There are two columns for ‘teamID’ and two columns for ‘lgID’.

Now let’s look at what happens if we use all four common variables as keys.

join_all_keys <- inner_join(pitching16, salaries16, join_by(playerID, yearID, teamID, lgID))
playerID yearID stint teamID lgID W L G GS CG SHO SV IPouts H ER HR BB SO BAOpp ERA IBB WP HBP BK BFP GF R SH SF GIDP salary
morribr01 2016 1 MIA NL 0 0 24 0 0 0 1 53 15 6 4 10 13 0.238 3.06 1 0 1 0 74 4 7 0 0 2 1350000
matusbr01 2016 1 BAL AL 0 0 7 0 0 0 0 18 11 8 3 7 1 0.407 12.00 0 0 0 0 35 2 8 0 1 1 3900000
santihe01 2016 1 LAA AL 10 4 22 22 0 0 0 362 104 57 20 57 107 0.233 4.25 0 2 4 1 515 0 61 3 4 9 5000000
wislema01 2016 1 ATL NL 7 13 27 26 0 0 1 470 159 87 26 49 115 0.259 5.00 3 5 4 1 671 1 90 2 3 12 507500
floydga01 2016 1 TOR AL 2 4 28 0 0 0 0 93 23 14 4 8 30 0.205 4.06 1 4 3 0 124 10 14 0 1 2 1000000
sanchaa01 2016 1 TOR AL 15 2 30 30 0 0 0 576 161 64 15 63 161 0.224 3.00 0 5 5 0 790 0 69 1 2 14 517800

There are no repeat columns! Whenever the data frames you want to join share columns, make sure to specify all of them in the join_by argument.
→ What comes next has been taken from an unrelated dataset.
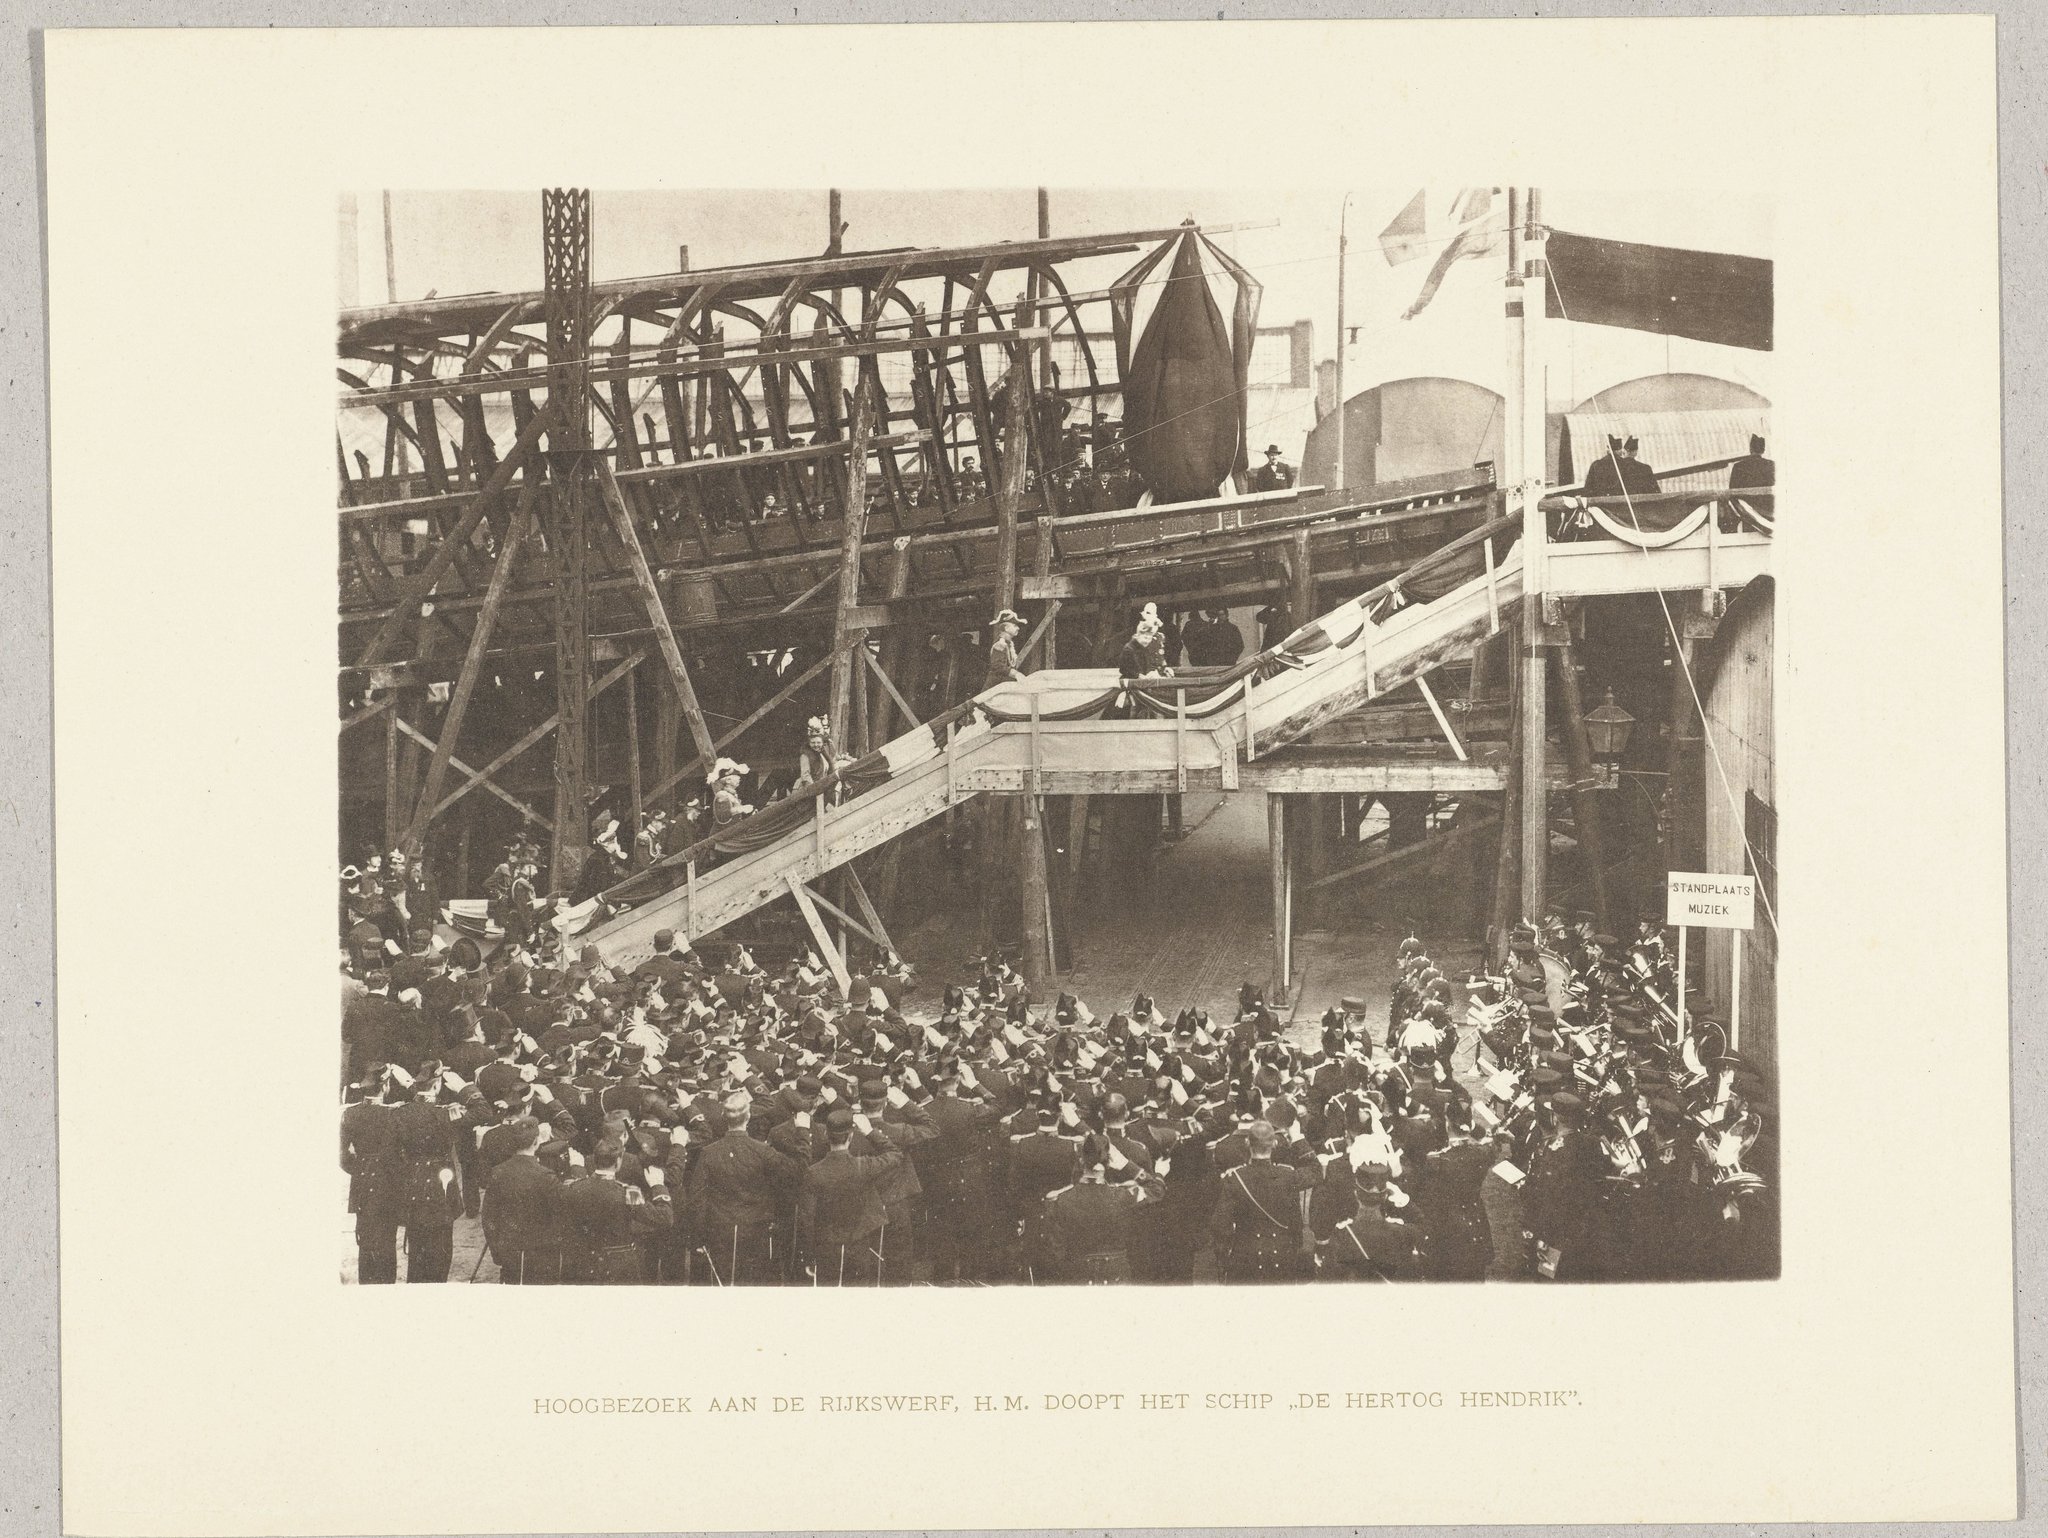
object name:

Here’s a graph created from the joined data.

It should be noted that not all players have salary data. This may be because of a variety of reasons such as arbitration, lack of games played, or simply that their salary data is not available.